Records contained in a dataset:
Start of Block

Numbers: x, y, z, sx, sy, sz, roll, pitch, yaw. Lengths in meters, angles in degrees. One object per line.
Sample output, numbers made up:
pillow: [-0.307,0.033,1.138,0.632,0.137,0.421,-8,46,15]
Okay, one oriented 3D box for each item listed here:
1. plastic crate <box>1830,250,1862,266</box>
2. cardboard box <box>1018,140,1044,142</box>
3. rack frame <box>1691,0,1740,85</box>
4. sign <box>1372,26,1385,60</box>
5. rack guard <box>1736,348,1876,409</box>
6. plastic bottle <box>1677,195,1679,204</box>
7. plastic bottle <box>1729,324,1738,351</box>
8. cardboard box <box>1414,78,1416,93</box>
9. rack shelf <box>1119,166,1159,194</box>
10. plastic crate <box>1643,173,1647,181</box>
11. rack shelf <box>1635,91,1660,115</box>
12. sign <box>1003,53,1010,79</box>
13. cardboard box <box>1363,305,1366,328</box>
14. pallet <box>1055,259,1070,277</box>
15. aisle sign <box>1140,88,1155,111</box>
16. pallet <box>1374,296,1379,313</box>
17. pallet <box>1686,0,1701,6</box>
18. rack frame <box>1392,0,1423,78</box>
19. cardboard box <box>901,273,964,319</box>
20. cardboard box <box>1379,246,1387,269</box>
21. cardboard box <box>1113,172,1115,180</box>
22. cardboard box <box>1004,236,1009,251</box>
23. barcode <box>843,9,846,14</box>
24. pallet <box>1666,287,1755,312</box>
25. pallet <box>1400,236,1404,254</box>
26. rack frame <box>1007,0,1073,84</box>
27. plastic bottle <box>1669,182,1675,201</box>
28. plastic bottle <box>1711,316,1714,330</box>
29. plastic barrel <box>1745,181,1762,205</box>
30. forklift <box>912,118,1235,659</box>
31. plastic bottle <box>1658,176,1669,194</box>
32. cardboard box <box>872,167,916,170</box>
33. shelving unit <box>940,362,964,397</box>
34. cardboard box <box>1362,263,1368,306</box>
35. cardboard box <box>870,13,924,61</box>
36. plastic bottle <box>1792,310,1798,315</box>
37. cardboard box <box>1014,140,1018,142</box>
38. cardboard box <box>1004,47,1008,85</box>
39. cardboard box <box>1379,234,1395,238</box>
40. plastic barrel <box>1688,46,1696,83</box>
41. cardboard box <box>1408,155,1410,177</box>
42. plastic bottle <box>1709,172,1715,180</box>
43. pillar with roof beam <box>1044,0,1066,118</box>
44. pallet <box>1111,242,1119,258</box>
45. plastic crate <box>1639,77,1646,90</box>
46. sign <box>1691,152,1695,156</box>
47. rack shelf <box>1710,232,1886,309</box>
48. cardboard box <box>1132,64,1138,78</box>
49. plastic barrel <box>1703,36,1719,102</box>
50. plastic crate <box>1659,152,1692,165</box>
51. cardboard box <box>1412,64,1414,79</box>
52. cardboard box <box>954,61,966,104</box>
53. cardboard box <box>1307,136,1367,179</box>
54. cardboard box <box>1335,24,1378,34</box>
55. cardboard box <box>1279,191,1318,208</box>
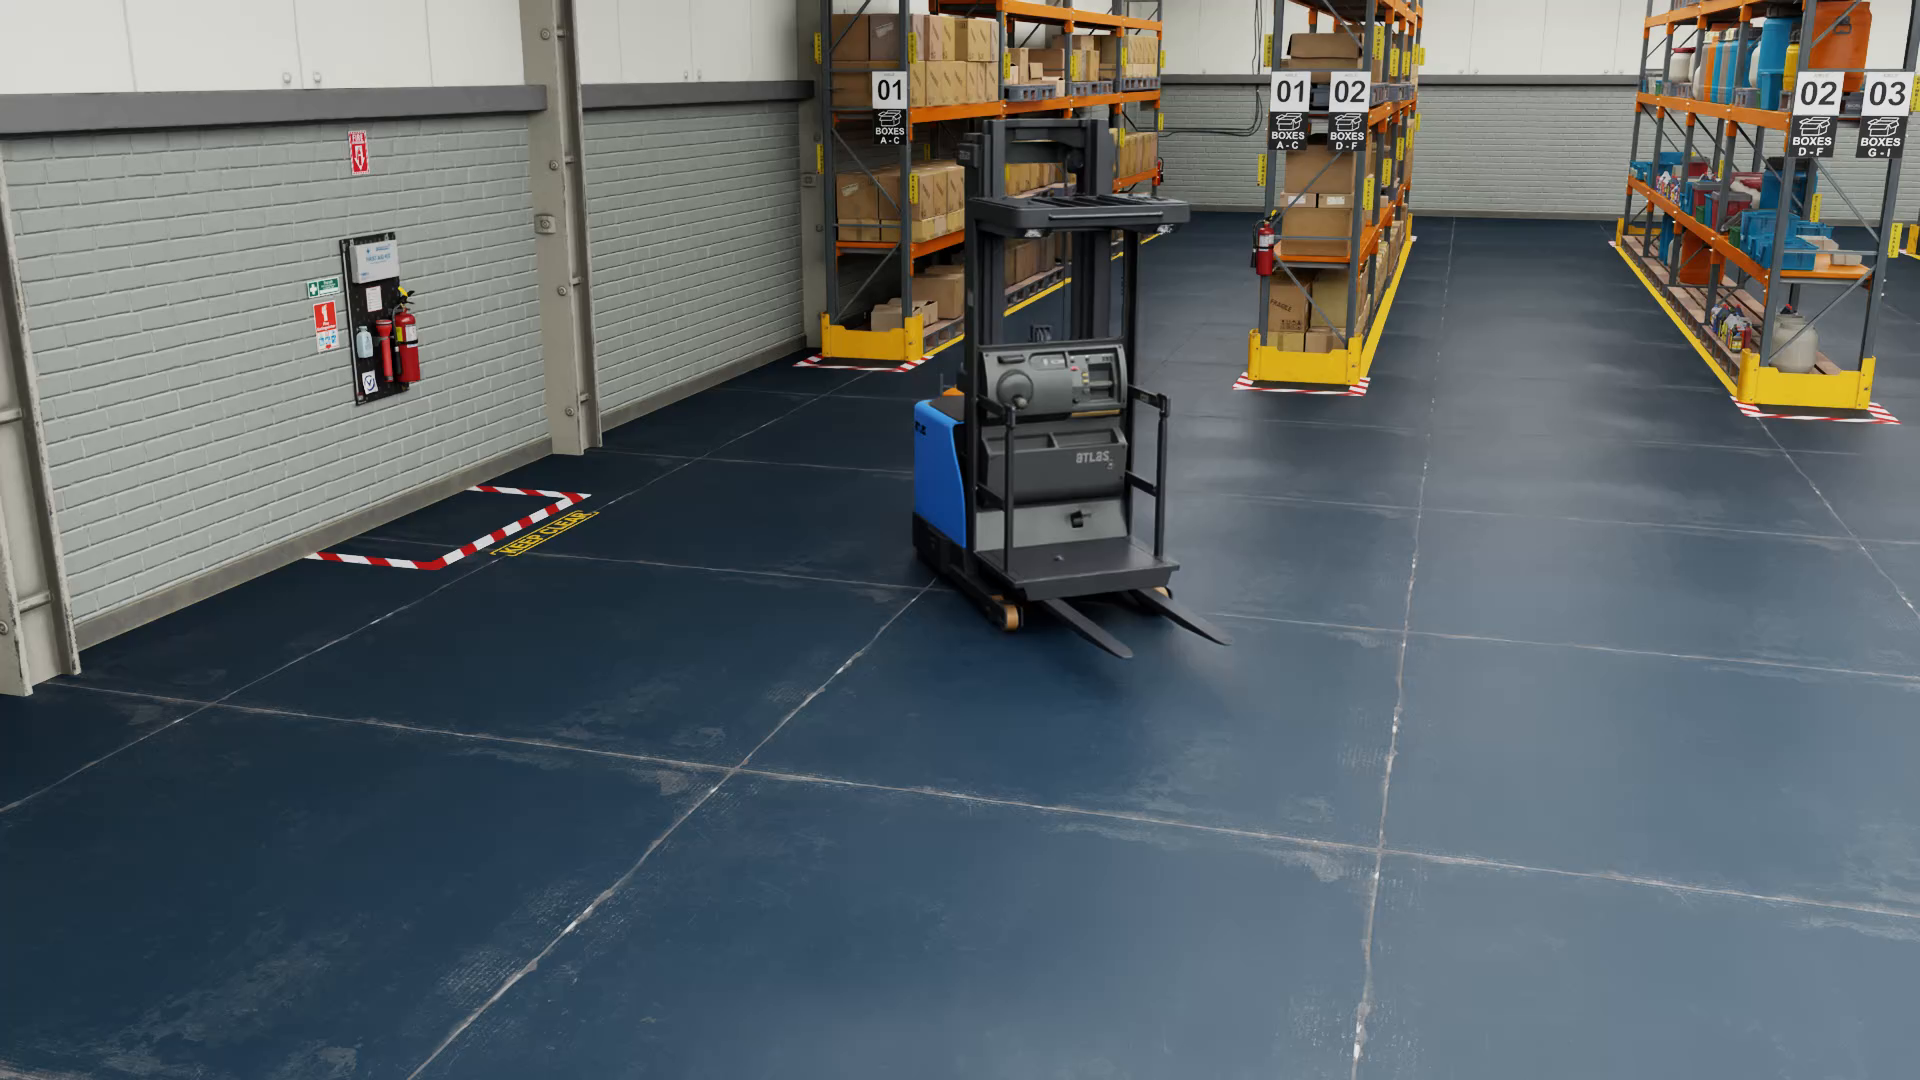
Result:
plastic crate: [9.017,-2.874,16.950,0.298,0.136,0.250,5,16,16]
cardboard box: [1.083,-6.047,25.474,0.380,0.149,0.250,2,16,7]
rack frame: [10.728,-7.771,22.737,1.000,3.000,0.127,5,16,16]
sign: [4.237,-5.034,16.837,0.100,0.325,0.005,5,16,16]
rack guard: [8.431,-1.613,16.600,1.175,0.500,0.348,5,16,16]
plastic bottle: [10.484,-4.957,24.173,0.097,0.201,0.097,0,16,0]
plastic bottle: [8.572,-2.243,18.413,0.061,0.283,0.133,5,17,17]
cardboard box: [8.078,-8.317,30.434,0.500,0.250,0.500,5,16,16]
rack shelf: [2.935,-6.877,31.896,1.077,0.370,4.000,5,16,16]
plastic crate: [12.072,-6.312,28.961,0.293,0.136,0.466,5,16,16]
rack shelf: [12.433,-7.552,28.778,1.077,0.370,4.000,5,16,16]
sign: [0.615,-6.259,21.953,0.100,0.325,0.005,5,16,16]
cardboard box: [4.642,-2.703,20.130,0.500,0.250,0.500,5,16,16]
pallet: [1.526,-4.512,27.351,1.003,0.211,1.213,5,16,16]
aisle sign: [3.811,-8.993,33.272,0.394,0.787,0.004,5,16,16]
pallet: [5.360,-3.398,23.423,1.003,0.211,1.213,5,16,16]
pallet: [10.963,-7.674,23.474,1.213,0.211,1.003,5,16,16]
rack frame: [8.254,-10.249,31.473,1.000,3.000,0.127,5,16,16]
cardboard box: [-0.343,-3.081,20.968,0.700,0.500,0.500,4,16,12]
cardboard box: [5.926,-4.127,24.123,0.500,0.311,0.500,4,16,15]
cardboard box: [2.542,-6.478,29.596,0.380,0.149,0.250,5,17,16]
cardboard box: [0.408,-4.286,23.844,0.500,0.250,0.500,4,16,15]
barcode: [-1.322,-6.046,19.035,0.001,0.075,0.075,5,16,16]
pallet: [10.471,-3.344,23.232,1.003,0.211,1.213,5,16,16]
pallet: [7.658,-5.475,30.745,1.003,0.211,1.213,5,16,16]
rack frame: [1.230,-8.539,25.445,1.000,3.000,0.127,5,16,16]
plastic bottle: [10.759,-5.267,25.115,0.061,0.283,0.133,5,16,16]
plastic bottle: [9.023,-2.601,19.826,0.097,0.201,0.097,0,16,0]
plastic barrel: [10.282,-4.329,21.346,0.433,0.535,0.433,0,16,0]
forklift: [0.659,-0.990,9.950,1.130,2.935,3.031,-6,17,-19]
plastic bottle: [11.264,-5.685,26.601,0.152,0.276,0.135,5,16,16]
cardboard box: [-0.818,-4.265,20.233,0.500,0.500,0.500,4,16,14]
shelving unit: [0.047,-0.621,11.818,0.258,1.200,0.503,5,16,16]
cardboard box: [4.629,-3.064,20.031,0.500,0.500,0.500,5,16,16]
cardboard box: [-0.702,-5.624,18.611,0.500,0.500,0.500,3,16,12]
plastic bottle: [9.538,-2.450,19.019,0.144,0.351,0.185,5,16,16]
cardboard box: [1.110,-6.354,26.594,0.500,0.250,0.500,5,17,17]
cardboard box: [0.325,-6.437,22.576,0.500,0.500,0.500,7,17,24]
cardboard box: [6.527,-4.514,26.020,0.500,0.500,0.500,4,16,14]
plastic barrel: [11.087,-7.071,24.746,0.433,0.535,0.433,0,16,0]
cardboard box: [7.953,-6.875,30.388,0.500,0.500,0.500,4,16,15]
plastic bottle: [11.917,-5.642,26.314,0.144,0.351,0.185,5,16,16]
pillar with roof beam: [5.863,-9.502,28.840,9.100,9.000,0.400,5,16,16]
pallet: [2.219,-5.151,29.601,1.003,0.211,1.213,5,16,16]
plastic crate: [12.625,-8.279,30.264,0.497,0.269,0.590,5,16,16]
sign: [13.534,-7.018,30.776,0.100,0.325,0.005,5,16,16]
rack shelf: [9.023,-2.969,18.119,1.077,0.370,4.000,5,16,16]
cardboard box: [2.974,-8.613,30.525,0.500,0.250,0.500,4,16,15]
plastic barrel: [10.101,-6.166,21.786,0.600,0.830,0.708,5,16,16]
plastic crate: [13.086,-6.922,30.561,0.616,0.435,0.499,5,16,16]
cardboard box: [7.634,-8.167,28.988,0.500,0.250,0.500,5,16,16]
cardboard box: [-0.247,-5.545,20.165,0.500,0.500,0.500,6,17,19]
cardboard box: [4.438,-4.516,19.693,0.700,0.500,0.500,5,16,16]
cardboard box: [5.056,-6.316,21.233,0.500,0.500,0.500,5,17,17]
cardboard box: [3.632,-3.652,17.836,0.380,0.149,0.250,4,16,15]

End of Block

__THE PROBLEM__. Give back the records above exactly. Pictures stay out.

__ANSWER SPACE__.
Numbers: x, y, z, sx, sy, sz, roll, pitch, yaw. Lengths in meters, angles in degrees. One object per line.
Sample output, numbers made up:
pillow: [-0.307,0.033,1.138,0.632,0.137,0.421,-8,46,15]
Okay, one oriented 3D box for each item listed here:
1. plastic crate <box>1830,250,1862,266</box>
2. cardboard box <box>1018,140,1044,142</box>
3. rack frame <box>1691,0,1740,85</box>
4. sign <box>1372,26,1385,60</box>
5. rack guard <box>1736,348,1876,409</box>
6. plastic bottle <box>1677,195,1679,204</box>
7. plastic bottle <box>1729,324,1738,351</box>
8. cardboard box <box>1414,78,1416,93</box>
9. rack shelf <box>1119,166,1159,194</box>
10. plastic crate <box>1643,173,1647,181</box>
11. rack shelf <box>1635,91,1660,115</box>
12. sign <box>1003,53,1010,79</box>
13. cardboard box <box>1363,305,1366,328</box>
14. pallet <box>1055,259,1070,277</box>
15. aisle sign <box>1140,88,1155,111</box>
16. pallet <box>1374,296,1379,313</box>
17. pallet <box>1686,0,1701,6</box>
18. rack frame <box>1392,0,1423,78</box>
19. cardboard box <box>901,273,964,319</box>
20. cardboard box <box>1379,246,1387,269</box>
21. cardboard box <box>1113,172,1115,180</box>
22. cardboard box <box>1004,236,1009,251</box>
23. barcode <box>843,9,846,14</box>
24. pallet <box>1666,287,1755,312</box>
25. pallet <box>1400,236,1404,254</box>
26. rack frame <box>1007,0,1073,84</box>
27. plastic bottle <box>1669,182,1675,201</box>
28. plastic bottle <box>1711,316,1714,330</box>
29. plastic barrel <box>1745,181,1762,205</box>
30. forklift <box>912,118,1235,659</box>
31. plastic bottle <box>1658,176,1669,194</box>
32. cardboard box <box>872,167,916,170</box>
33. shelving unit <box>940,362,964,397</box>
34. cardboard box <box>1362,263,1368,306</box>
35. cardboard box <box>870,13,924,61</box>
36. plastic bottle <box>1792,310,1798,315</box>
37. cardboard box <box>1014,140,1018,142</box>
38. cardboard box <box>1004,47,1008,85</box>
39. cardboard box <box>1379,234,1395,238</box>
40. plastic barrel <box>1688,46,1696,83</box>
41. cardboard box <box>1408,155,1410,177</box>
42. plastic bottle <box>1709,172,1715,180</box>
43. pillar with roof beam <box>1044,0,1066,118</box>
44. pallet <box>1111,242,1119,258</box>
45. plastic crate <box>1639,77,1646,90</box>
46. sign <box>1691,152,1695,156</box>
47. rack shelf <box>1710,232,1886,309</box>
48. cardboard box <box>1132,64,1138,78</box>
49. plastic barrel <box>1703,36,1719,102</box>
50. plastic crate <box>1659,152,1692,165</box>
51. cardboard box <box>1412,64,1414,79</box>
52. cardboard box <box>954,61,966,104</box>
53. cardboard box <box>1307,136,1367,179</box>
54. cardboard box <box>1335,24,1378,34</box>
55. cardboard box <box>1279,191,1318,208</box>
Result:
plastic crate: [9.017,-2.874,16.950,0.298,0.136,0.250,5,16,16]
cardboard box: [1.083,-6.047,25.474,0.380,0.149,0.250,2,16,7]
rack frame: [10.728,-7.771,22.737,1.000,3.000,0.127,5,16,16]
sign: [4.237,-5.034,16.837,0.100,0.325,0.005,5,16,16]
rack guard: [8.431,-1.613,16.600,1.175,0.500,0.348,5,16,16]
plastic bottle: [10.484,-4.957,24.173,0.097,0.201,0.097,0,16,0]
plastic bottle: [8.572,-2.243,18.413,0.061,0.283,0.133,5,17,17]
cardboard box: [8.078,-8.317,30.434,0.500,0.250,0.500,5,16,16]
rack shelf: [2.935,-6.877,31.896,1.077,0.370,4.000,5,16,16]
plastic crate: [12.072,-6.312,28.961,0.293,0.136,0.466,5,16,16]
rack shelf: [12.433,-7.552,28.778,1.077,0.370,4.000,5,16,16]
sign: [0.615,-6.259,21.953,0.100,0.325,0.005,5,16,16]
cardboard box: [4.642,-2.703,20.130,0.500,0.250,0.500,5,16,16]
pallet: [1.526,-4.512,27.351,1.003,0.211,1.213,5,16,16]
aisle sign: [3.811,-8.993,33.272,0.394,0.787,0.004,5,16,16]
pallet: [5.360,-3.398,23.423,1.003,0.211,1.213,5,16,16]
pallet: [10.963,-7.674,23.474,1.213,0.211,1.003,5,16,16]
rack frame: [8.254,-10.249,31.473,1.000,3.000,0.127,5,16,16]
cardboard box: [-0.343,-3.081,20.968,0.700,0.500,0.500,4,16,12]
cardboard box: [5.926,-4.127,24.123,0.500,0.311,0.500,4,16,15]
cardboard box: [2.542,-6.478,29.596,0.380,0.149,0.250,5,17,16]
cardboard box: [0.408,-4.286,23.844,0.500,0.250,0.500,4,16,15]
barcode: [-1.322,-6.046,19.035,0.001,0.075,0.075,5,16,16]
pallet: [10.471,-3.344,23.232,1.003,0.211,1.213,5,16,16]
pallet: [7.658,-5.475,30.745,1.003,0.211,1.213,5,16,16]
rack frame: [1.230,-8.539,25.445,1.000,3.000,0.127,5,16,16]
plastic bottle: [10.759,-5.267,25.115,0.061,0.283,0.133,5,16,16]
plastic bottle: [9.023,-2.601,19.826,0.097,0.201,0.097,0,16,0]
plastic barrel: [10.282,-4.329,21.346,0.433,0.535,0.433,0,16,0]
forklift: [0.659,-0.990,9.950,1.130,2.935,3.031,-6,17,-19]
plastic bottle: [11.264,-5.685,26.601,0.152,0.276,0.135,5,16,16]
cardboard box: [-0.818,-4.265,20.233,0.500,0.500,0.500,4,16,14]
shelving unit: [0.047,-0.621,11.818,0.258,1.200,0.503,5,16,16]
cardboard box: [4.629,-3.064,20.031,0.500,0.500,0.500,5,16,16]
cardboard box: [-0.702,-5.624,18.611,0.500,0.500,0.500,3,16,12]
plastic bottle: [9.538,-2.450,19.019,0.144,0.351,0.185,5,16,16]
cardboard box: [1.110,-6.354,26.594,0.500,0.250,0.500,5,17,17]
cardboard box: [0.325,-6.437,22.576,0.500,0.500,0.500,7,17,24]
cardboard box: [6.527,-4.514,26.020,0.500,0.500,0.500,4,16,14]
plastic barrel: [11.087,-7.071,24.746,0.433,0.535,0.433,0,16,0]
cardboard box: [7.953,-6.875,30.388,0.500,0.500,0.500,4,16,15]
plastic bottle: [11.917,-5.642,26.314,0.144,0.351,0.185,5,16,16]
pillar with roof beam: [5.863,-9.502,28.840,9.100,9.000,0.400,5,16,16]
pallet: [2.219,-5.151,29.601,1.003,0.211,1.213,5,16,16]
plastic crate: [12.625,-8.279,30.264,0.497,0.269,0.590,5,16,16]
sign: [13.534,-7.018,30.776,0.100,0.325,0.005,5,16,16]
rack shelf: [9.023,-2.969,18.119,1.077,0.370,4.000,5,16,16]
cardboard box: [2.974,-8.613,30.525,0.500,0.250,0.500,4,16,15]
plastic barrel: [10.101,-6.166,21.786,0.600,0.830,0.708,5,16,16]
plastic crate: [13.086,-6.922,30.561,0.616,0.435,0.499,5,16,16]
cardboard box: [7.634,-8.167,28.988,0.500,0.250,0.500,5,16,16]
cardboard box: [-0.247,-5.545,20.165,0.500,0.500,0.500,6,17,19]
cardboard box: [4.438,-4.516,19.693,0.700,0.500,0.500,5,16,16]
cardboard box: [5.056,-6.316,21.233,0.500,0.500,0.500,5,17,17]
cardboard box: [3.632,-3.652,17.836,0.380,0.149,0.250,4,16,15]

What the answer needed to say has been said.